Talking Head: There are few things in life we can be sure of except that things change. The same can be said of pensions – every new idea from government seems to suggest further change for the sector.
In 2016 we will see the end of contracting-out and the possibility of further radical changes to pensions tax relief.
The former means increasing costs and complications, for defined benefit schemes in particular. The latter, in its most extreme form, could completely undo the most positive change of recent years: automatically enrolling more than 5m new savers into pensions.
Switching to a taxed-exempt-exempt system would mean additional administration charges of £1m for the largest schemes and up to £800,000 additional costs for employers.
Switching to a single rate would mean average costs of £110,000 for updating payroll systems.
While we are certainly not out of the woods on possible tax relief reform, and while we still have contracting-out to deal with we should continue to be wary of more change on the horizon
So it is perhaps with relief that in this continued period of change there is at least some stability to be found. The 41st edition of the Pensions and Lifetime Savings Association’s annual survey paints a reassuring picture – a picture in which some aspects do change but the long-term trends remain the same.
Alongside our annual survey we have published a five-year trend analysis based on 63 fund members (representing 2.8m members and £243bn in assets under management in 2015) who responded to our annual survey every year between 2011 and 2015.
Shift from DB to DC
These trend data highlight the continued shift from DB to defined contribution pension provision over the five years, with 60 per cent of this sample’s active scheme membership in DC compared with just 32 per cent in 2011.
Today almost half (48 per cent) of DB schemes are closed to both new employees and future accrual, compared with 31 per cent in 2011.
And DB is becoming more expensive to provide. For those large schemes average employer contributions increased to 23 per cent in 2015 from 17 per cent in 2011, while employee contributions remained stable.
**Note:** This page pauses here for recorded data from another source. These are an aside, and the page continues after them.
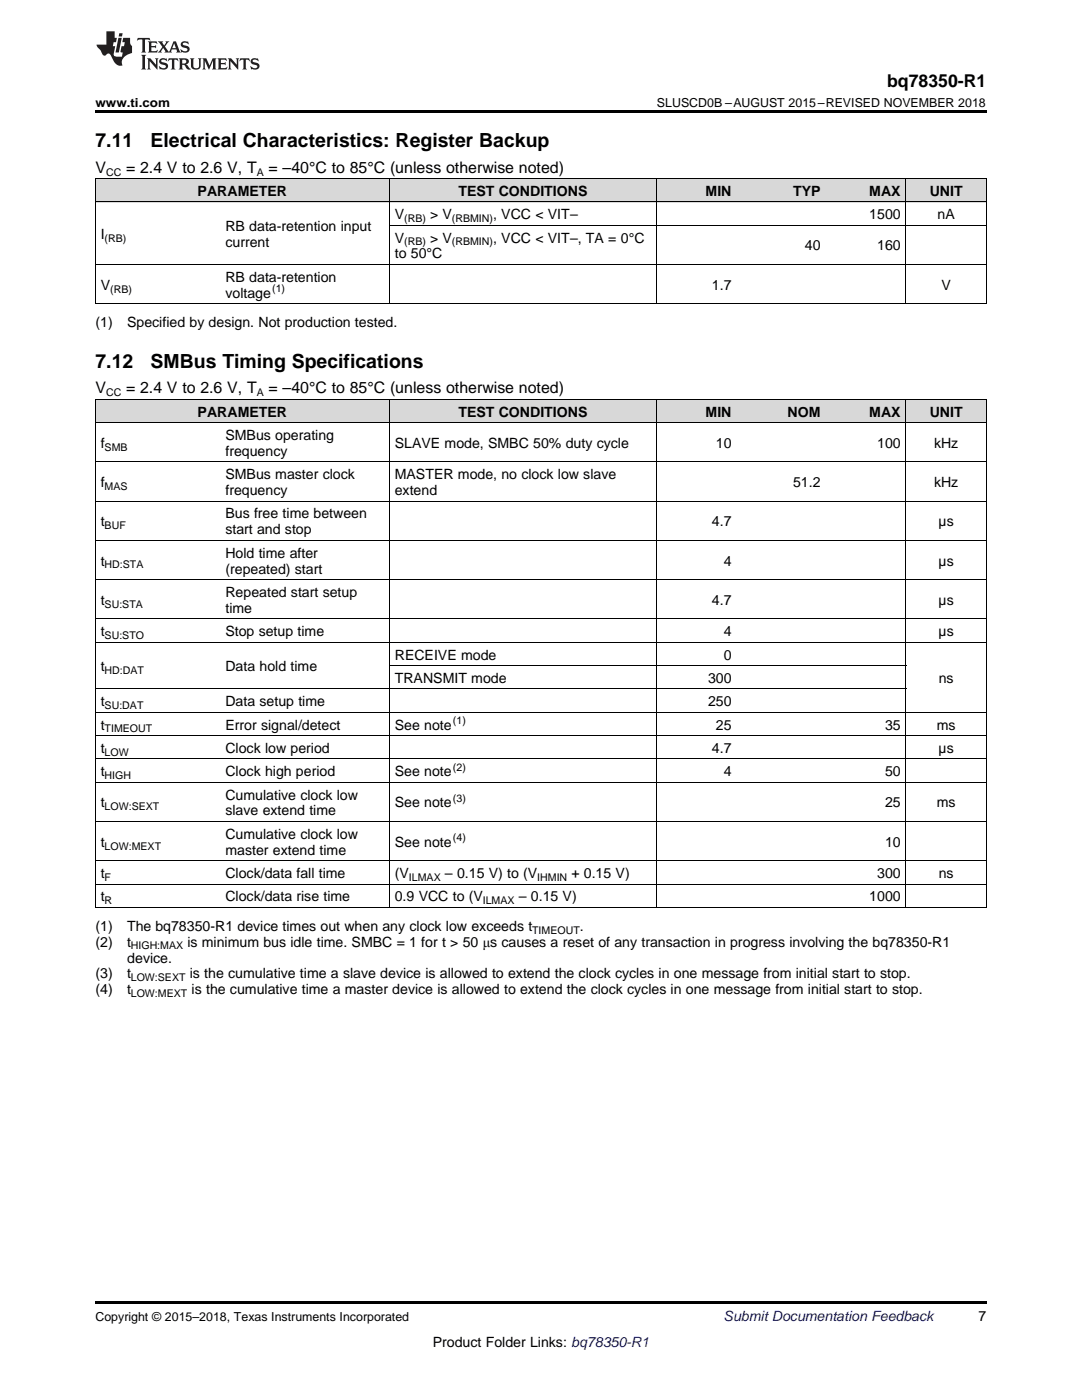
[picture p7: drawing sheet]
<svg xmlns="http://www.w3.org/2000/svg" width="216mm" height="279mm" viewBox="0 0 216 279" stroke-linecap="round" stroke-linejoin="round" font-family="sans-serif">
<defs><g id="words">
<g font-size="3.9">
<text x="19" y="29.3">7.11</text>
<text x="30.1" y="29.3">Electrical Characteristics: Register Backup</text>
<text x="19" y="73.3">7.12</text>
<text x="30.1" y="73.3">SMBus Timing Specifications</text>
</g>
<text font-size="3.5" x="177" y="17.3">bq78350-R1</text>
<g font-size="3.2">
<text x="19" y="34.4">V</text>
<text x="25.2" y="34.4">= 2.4 V to 2.6 V, T</text>
<text x="53.6" y="34.4">= –40°C to 85°C (unless otherwise noted)</text>
<text x="19" y="78.5">V</text>
<text x="25.2" y="78.5">= 2.4 V to 2.6 V, T</text>
<text x="53.6" y="78.5">= –40°C to 85°C (unless otherwise noted)</text>
</g>
<g font-size="2.8">
<text x="39.4" y="39.1">PARAMETER</text>
<text x="91.5" y="39.1">TEST CONDITIONS</text>
<text x="140.8" y="39.1">MIN</text>
<text x="158.3" y="39.1">TYP</text>
<text x="173.5" y="39.1">MAX</text>
<text x="185.5" y="39.1">UNIT</text>
<text x="20.1" y="47.7">I</text>
<text x="45" y="46.1">RB data-retention input</text>
<text x="78.8" y="43.7">V</text>
<text x="85.8" y="43.7">&gt; V</text>
<text x="98.4" y="43.7">, VCC &lt; VIT–</text>
<text x="173.5" y="43.7">1500</text>
<text x="187.1" y="43.7">nA</text>
<text x="45" y="49.2">current</text>
<text x="78.8" y="48.4">V</text>
<text x="78.8" y="51.6">to 50°C</text>
<text x="85.8" y="48.4">&gt; V</text>
<text x="98.4" y="48.4">, VCC &lt; VIT–, TA = 0°C</text>
<text x="160.6" y="50">40</text>
<text x="175" y="50">160</text>
<text x="20.1" y="57.8">V</text>
<text x="45" y="56.2">RB data-retention</text>
<text x="45" y="59.4">voltage</text>
<text x="142.1" y="57.8">1.7</text>
<text x="187.9" y="57.8">V</text>
<text x="19" y="65.3">(1)</text>
<text x="25.4" y="65.3">Specified by design. Not production tested.</text>
<text x="39.4" y="83.1">PARAMETER</text>
<text x="91.5" y="83.1">TEST CONDITIONS</text>
<text x="140.8" y="83.1">MIN</text>
<text x="157.2" y="83.1">NOM</text>
<text x="173.5" y="83.1">MAX</text>
<text x="185.5" y="83.1">UNIT</text>
<text x="20.1" y="89.4">f</text>
<text x="45" y="87.8">SMBus operating</text>
<text x="78.8" y="89.4">SLAVE mode, SMBC 50% duty cycle</text>
<text x="142.8" y="89.4">10</text>
<text x="175" y="89.4">100</text>
<text x="186.4" y="89.4">kHz</text>
<text x="45" y="91">frequency</text>
<text x="45" y="95.6">SMBus master clock</text>
<text x="78.8" y="95.6">MASTER mode, no clock low slave</text>
<text x="20.1" y="97.2">f</text>
<text x="45" y="98.8">frequency</text>
<text x="78.8" y="98.8">extend</text>
<text x="158.3" y="97.2">51.2</text>
<text x="186.4" y="97.2">kHz</text>
<text x="20.1" y="105.1">t</text>
<text x="45" y="103.5">Bus free time between</text>
<text x="45" y="106.6">start and stop</text>
<text x="142.1" y="105.1">4.7</text>
<text x="187.3" y="105.1">µs</text>
<text x="20.1" y="112.9">t</text>
<text x="45" y="111.3">Hold time after</text>
<text x="144.4" y="112.9">4</text>
<text x="187.3" y="112.9">µs</text>
<text x="45" y="114.5">(repeated) start</text>
<text x="45" y="119.1">Repeated start setup</text>
<text x="20.1" y="120.7">t</text>
<text x="45" y="122.3">time</text>
<text x="142.1" y="120.7">4.7</text>
<text x="187.3" y="120.7">µs</text>
<text x="20.1" y="127">t</text>
<text x="45" y="127">Stop setup time</text>
<text x="78.8" y="131.6">RECEIVE mode</text>
<text x="144.4" y="127">4</text>
<text x="144.4" y="131.6">0</text>
<text x="187.3" y="127">µs</text>
<text x="20.1" y="133.9">t</text>
<text x="45" y="133.9">Data hold time</text>
<text x="78.8" y="136.3">TRANSMIT mode</text>
<text x="141.3" y="136.3">300</text>
<text x="187.3" y="136.3">ns</text>
<text x="20.1" y="140.9">t</text>
<text x="45" y="140.9">Data setup time</text>
<text x="141.3" y="140.9">250</text>
<text x="20.1" y="145.6">t</text>
<text x="45" y="145.6">Error signal/detect</text>
<text x="78.8" y="145.6">See note</text>
<text x="142.8" y="145.6">25</text>
<text x="176.6" y="145.6">35</text>
<text x="186.9" y="145.6">ms</text>
<text x="20.1" y="150.2">t</text>
<text x="20.1" y="154.9">t</text>
<text x="45" y="150.2">Clock low period</text>
<text x="45" y="154.9">Clock high period</text>
<text x="78.8" y="154.9">See note</text>
<text x="142.1" y="150.2">4.7</text>
<text x="144.4" y="154.9">4</text>
<text x="176.6" y="154.9">50</text>
<text x="187.3" y="150.2">µs</text>
<text x="20.1" y="161.1">t</text>
<text x="45" y="159.6">Cumulative clock low</text>
<text x="78.8" y="161.1">See note</text>
<text x="176.6" y="161.1">25</text>
<text x="186.9" y="161.1">ms</text>
<text x="45" y="162.7">slave extend time</text>
<text x="45" y="167.4">Cumulative clock low</text>
<text x="20.1" y="169">t</text>
<text x="45" y="170.6">master extend time</text>
<text x="78.8" y="169">See note</text>
<text x="176.6" y="169">10</text>
<text x="20.1" y="175.2">t</text>
<text x="20.1" y="179.9">t</text>
<text x="45" y="175.2">Clock/data fall time</text>
<text x="45" y="179.9">Clock/data rise time</text>
<text x="78.8" y="175.2">(V</text>
<text x="78.8" y="179.9">0.9 VCC to (V</text>
<text x="88.8" y="175.2">– 0.15 V) to (V</text>
<text x="103.5" y="179.9">– 0.15 V)</text>
<text x="114" y="175.2">+ 0.15 V)</text>
<text x="173.5" y="179.9">1000</text>
<text x="175" y="175.2">300</text>
<text x="187.3" y="175.2">ns</text>
<text x="19" y="185.7">(1)</text>
<text x="25.4" y="185.7">The bq78350-R1 device times out when any clock low exceeds t</text>
<text x="115.7" y="185.7">.</text>
<text x="19" y="188.9">(2)</text>
<text x="25.4" y="188.9">t</text>
<text x="37.4" y="188.9">is minimum bus idle time. SMBC = 1 for t &gt; 50 μs causes a reset of any transaction in progress involving the bq78350-R1</text>
<text x="19" y="195.3">(3)</text>
<text x="25.4" y="195.3">t</text>
<text x="25.4" y="192.1">device.</text>
<text x="37.9" y="195.3">is the cumulative time a slave device is allowed to extend the clock cycles in one message from initial start to stop.</text>
<text x="19" y="198.4">(4)</text>
<text x="25.4" y="198.4">t</text>
<text x="38.2" y="198.4">is the cumulative time a master device is allowed to extend the clock cycles in one message from initial start to stop.</text>
<text x="195.3" y="263.6">7</text>
<text x="86.4" y="268.9">Product Folder Links: bq78350-R1</text>
</g>
<text font-size="2.8" fill="#0000c8" x="144.4" y="263.6">Submit Documentation Feedback</text>
<g font-size="2.5">
<text x="19" y="21.4">www.ti.com</text>
<text x="131.1" y="21.4">SLUSCD0B –AUGUST 2015–REVISED NOVEMBER 2018</text>
<text x="19" y="263.6">Copyright © 2015–2018, Texas Instruments Incorporated</text>
</g>
<g font-size="2.1">
<text x="21.2" y="35.1">CC</text>
<text x="51.2" y="35.1">A</text>
<text x="80.6" y="44.3">(RB)</text>
<text x="90.2" y="44.3">(RBMIN)</text>
<text x="20.9" y="48.2">(RB)</text>
<text x="80.6" y="49">(RB)</text>
<text x="90.2" y="49">(RBMIN)</text>
<text x="22" y="58.4">(RB)</text>
<text x="54.3" y="58.3">(1)</text>
<text x="21.2" y="79.1">CC</text>
<text x="51.2" y="79.1">A</text>
<text x="20.9" y="90">SMB</text>
<text x="20.9" y="97.8">MAS</text>
<text x="20.9" y="105.6">BUF</text>
<text x="20.9" y="113.5">HD:STA</text>
<text x="20.9" y="121.3">SU:STA</text>
<text x="20.9" y="127.5">SU:STO</text>
<text x="20.9" y="134.5">HD:DAT</text>
<text x="20.9" y="141.5">SU:DAT</text>
<text x="20.9" y="146.2">TIMEOUT</text>
<text x="90.4" y="144.5">(1)</text>
<text x="20.9" y="150.8">LOW</text>
<text x="20.9" y="155.5">HIGH</text>
<text x="90.4" y="153.8">(2)</text>
<text x="20.9" y="161.7">LOW:SEXT</text>
<text x="90.4" y="160">(3)</text>
<text x="90.4" y="167.9">(4)</text>
<text x="20.9" y="169.5">LOW:MEXT</text>
<text x="20.9" y="175.8">F</text>
<text x="81.6" y="175.8">ILMAX</text>
<text x="107.2" y="175.8">IHMIN</text>
<text x="20.9" y="180.4">R</text>
<text x="96.3" y="180.4">ILMAX</text>
<text x="26.1" y="189.5">HIGH:MAX</text>
<text x="106.2" y="186.3">TIMEOUT</text>
<text x="26.1" y="195.8">LOW:SEXT</text>
<text x="26.1" y="199">LOW:MEXT</text>
</g>
</g></defs>
<g fill="#d8d8d8">
<path d="M19 79.8h24.9v4.6h-24.9z"/>
<path d="M43.9 79.8h33.8v4.6h-33.8z"/>
<path d="M77.7 79.8h53.4v4.6h-53.4z"/>
<path d="M131.1 79.8h15.9v4.6h-15.9z"/>
<path d="M147 79.8h17.8v4.6h-17.8z"/>
<path d="M164.8 79.8h16v4.6h-16z"/>
<path d="M180.8 79.8h16v4.6h-16z"/>
<path d="M19 35.7h24.9v4.7h-24.9z"/>
<path d="M43.9 35.7h33.8v4.7h-33.8z"/>
<path d="M77.7 35.7h53.4v4.7h-53.4z"/>
<path d="M131.1 35.7h15.9v4.7h-15.9z"/>
<path d="M147 35.7h17.8v4.7h-17.8z"/>
<path d="M164.8 35.7h16v4.7h-16z"/>
<path d="M180.8 35.7h16v4.7h-16z"/>
</g>
<path d="M19 22h177.8v.5h-177.8zM19 60.6l.2 .1zM77.6 60.6l.1 .1zM131 60.6l.1 .1zM180.7 60.6l.1 .1zM196.7 60.6l.1 .1zM19 181.1l.2 .1zM77.6 181.1l.1 .1zM131 181.1l.1 .1zM180.7 181.1l.1 .1zM196.7 181.1l.1 .1zM19 259.7h177.8v.5h-177.8z" fill="#000"/>
<g fill="none" stroke="#000" stroke-width=".2">
<path d="M19 35.6l177.8 .1v25M19.1 35.7v25M77.7 35.7v25M131 35.7v25M180.8 35.7v25M19 52.8h177.8M19 40.3h177.8M77.7 45h119.1M19 79.7h177.8v101.5M19 60.6h177.8M19.1 79.7v101.5M77.7 79.7v101.5"/>
<path d="M131 79.7v101.5M180.8 79.7v101.5M19 92.2h177.8M19 84.4h177.8M19 115.7h177.8M19 107.9h177.8M19 100h177.8M19 137.5h161.8M19 128.2h177.8M19 123.5h177.8M77.7 132.8h103.1M19 156.1h177.8"/>
<path d="M19 151.5h177.8M19 146.8h177.8M19 142.2h177.8M19 176.4h177.8M19 171.8h177.8M19 164h177.8M19 181.1h177.8"/>
</g>
<g fill="#231f20">
<path d="M27.5 7.6l-.1 .5 .4-.2h.6v.1v2.1l-.2 .4h1l-.3-.4v-2.1l.1-.1h.5l.5 .2-.2-.5zM29.5 8.3l.2 .3v1.5l-.2 .4h1.8l.2-.6a1.04 1.04 0 0 1-1.3 .2v-.7h.6l.3 .2v-.6l-.3 .2h-.6v-.6l.8-.1 .4 .3-.2-.5zM31.5 8.3l.9 1.1-.9 1.1h.8l-.2-.2 .5-.7 .4 .7-.2 .2h1.5l-.1-.2 .1-.4h.9l.1 .4-.2 .2h1l-.3-.3-.7-1.9h-.5l-.9 2-.8-1 .9-1h-.8l.1 .3-.3 .5-.4-.6 .2-.2zM34.7 8.6l.4 1h-.7zM36.3 8.4a.63 .63 0 0 0-.2 .7 .63 .63 0 0 0 .6 .4l.6 .2 .1 .2a.75 .75 0 0 1-.7 .4 .75 .75 0 0 1-.6-.5l.1 .7 .1-.1a1.11 1.11 0 0 0 1.5-.6 1.13 1.13 0 0 0-1.2-.8l-.1-.4a1.04 1.04 0 0 1 1.2 .2l-.2-.5-.1 .1-.5-.2zM28.2 10.9l.2 .4v2.2l-.2 .4h1l-.3-.4v-2.2l.3-.4zM29.3 11.6l.3 .4v1.5l-.3 .4h.8l-.2-.4v-1.3l1.5 1.7v-1.9l.2-.4h-.7l.2 .4v.9l-1.1-1.3zM32 11.8a.62 .62 0 0 0-.2 .7 .62 .62 0 0 0 .6 .4l.6 .1 .1 .3a.76 .76 0 0 1-.7 .3 .76 .76 0 0 1-.6-.4l.1 .7 .1-.1a1.11 1.11 0 0 0 1.5-.6 1.13 1.13 0 0 0-1.2-.8l-.1-.4a1.04 1.04 0 0 1 1.2 .2l-.2-.6-.1 .1-.5-.1zM33.7 11.6l-.2 .6a.61 .61 0 0 1 .8-.3v1.6l-.2 .4h.9l-.2-.4v-1.6a.63 .63 0 0 1 .8 .3l-.2-.6zM35.6 11.6l.3 .4v1.5l-.3 .4h1l-.2-.2v-.8l.5 .2a.76 .76 0 0 0 1.2 .7l-1-1a.58 .58 0 0 0 .6-.5 .58 .58 0 0 0-.5-.6zM36.4 11.9h.1a.45 .45 0 0 1 .5 .1 .45 .45 0 0 1 .1 .5l-.7 .2zM37.9 11.6l.2 .2a2.17 2.17 0 0 0 .3 1.9 .99 .99 0 0 0 1.6-.6v-1.1l.2-.4h-.7l.2 .2a1.92 1.92 0 0 1-.2 1.8 .6 .6 0 0 1-.9-.5v-1.1l.2-.4zM40.4 11.6l.2 .4v1.5l-.2 .4h.7l-.2-.4v-1.4l.8 1.8 .8-1.8v1.4l-.2 .4h.9l-.2-.4v-1.5l.2-.4h-.8l-.6 1.5-.6-1.5zM43.4 11.6l.2 .4v1.5l-.2 .4h1.8l.2-.6a1.04 1.04 0 0 1-1.3 .1v-.6h.5l.4 .2v-.6l-.4 .2h-.5v-.7h.8l.3 .3-.1-.6zM45.5 11.6l.2 .4v1.5l-.2 .4h.7l-.2-.4v-1.3l1.5 1.7v-1.9l.2-.4h-.7l.2 .4v.9l-1.1-1.3zM47.9 11.6l-.1 .6a.61 .61 0 0 1 .8-.3v1.6l-.3 .4h1l-.3-.4 .1-1.6a.63 .63 0 0 1 .7 .3l-.1-.6zM50.2 11.8a.62 .62 0 0 0-.2 .7 .62 .62 0 0 0 .6 .4l.6 .1 .2 .3a.76 .76 0 0 1-.8 .3 .76 .76 0 0 1-.6-.4l.1 .7 .2-.1a1.11 1.11 0 0 0 1.5-.6 1.13 1.13 0 0 0-1.3-.8l-.1-.4a1.04 1.04 0 0 1 1.2 .2l-.1-.6-.2 .1-.5-.1z"/>
<path d="M21.2 6.3v2.6h-1.9l.1 .4 .7 .9a.91 .91 0 0 0 1 .8 .56 .56 0 0 1 .5-.3 .56 .56 0 0 1 .5 .3l.4 .8a1.53 1.53 0 0 0 1.9 1.2 1.54 1.54 0 0 1 1-2.1l.9-.3v-1.4a1.52 1.52 0 0 1-.3-1.6h-1.4l-.2 .8h.5l-.2 .8h-.4l-.2 1v.2l.4 .1-.2 .8a1.93 1.93 0 0 1-1.6-.3l.3-1.8h-.5l.2-.8h.4l.2-.8h-.4v-1.3zM23.6 7.6l-.6 2.9h.7l.6-2.9zM23.8 6.6l-.1 .7h.6l.2-.7z"/>
</g>
<use href="#words"/>
</svg>

An encouraging trend is the rise of good DC governance with growing oversight of contract-based arrangements. The existence of a management or governance committee grew to 78 per cent, from 60 per cent of contract-based schemes among these respondents over the five years.
Looking at DC default funds, in the growth phase passive tracker has remained the most common investment approach since 2012 but the at-retirement phase has seen a very recent shift away from a focus on fixed interest, in direct response to the pension freedoms.
So there has been some change but also some stability. While we are certainly not out of the woods on possible tax relief reform, and while we still have contracting-out to deal with we should continue to be wary of more change on the horizon.
The PLSA will be lobbying on members’ behalf to make sure future changes work for UK pension funds.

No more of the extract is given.